**INSTRUCTIONS FOR THE TASK:** Everything from the line that holds "Formatted like this" through the end of the listing below must be retyped word for word, without any pictures.

—————

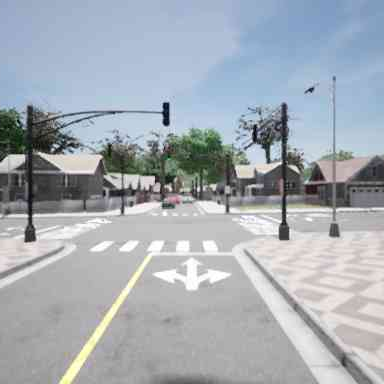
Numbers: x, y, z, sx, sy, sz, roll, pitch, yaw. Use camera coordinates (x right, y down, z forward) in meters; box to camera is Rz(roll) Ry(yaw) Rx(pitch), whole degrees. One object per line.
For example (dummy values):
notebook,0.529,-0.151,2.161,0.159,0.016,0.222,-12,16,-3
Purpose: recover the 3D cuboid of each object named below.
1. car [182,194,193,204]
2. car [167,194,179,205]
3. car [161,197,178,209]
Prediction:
car,-0.942,1.431,71.989,2.150,2.045,5.566,0,0,-1
car,-3.574,1.403,63.671,2.150,2.045,5.566,0,0,-1
car,-3.382,1.726,47.634,1.895,1.301,4.718,0,0,-1
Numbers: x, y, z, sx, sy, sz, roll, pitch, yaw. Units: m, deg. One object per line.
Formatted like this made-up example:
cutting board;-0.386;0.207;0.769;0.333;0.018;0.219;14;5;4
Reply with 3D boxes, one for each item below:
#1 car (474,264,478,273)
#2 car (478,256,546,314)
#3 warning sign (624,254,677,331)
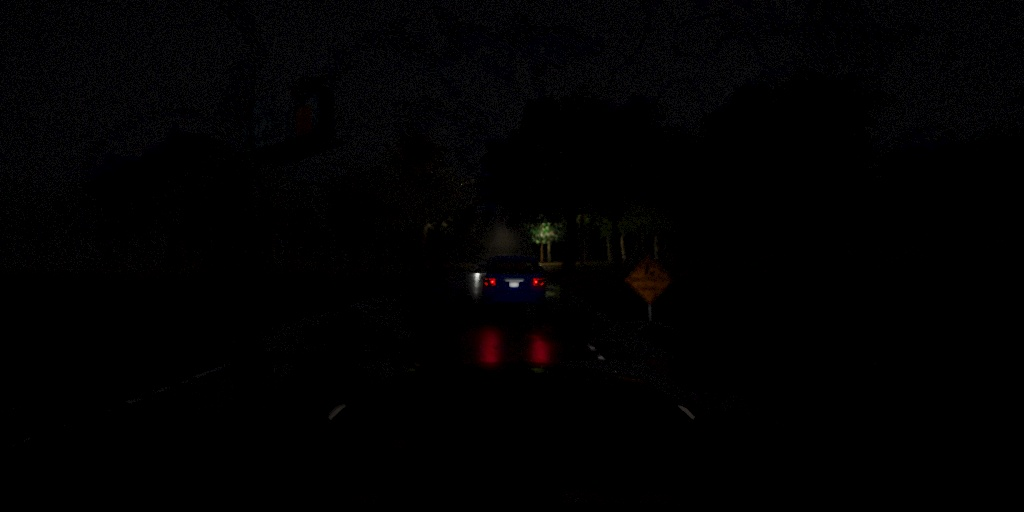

—————

**REPLY:**
Formatted like this made-up example:
cutting board;-0.386;0.207;0.769;0.333;0.018;0.219;14;5;4
Reply with 3D boxes, one for each item below:
#1 car (474,264,478,273)
#2 car (478,256,546,314)
#3 warning sign (624,254,677,331)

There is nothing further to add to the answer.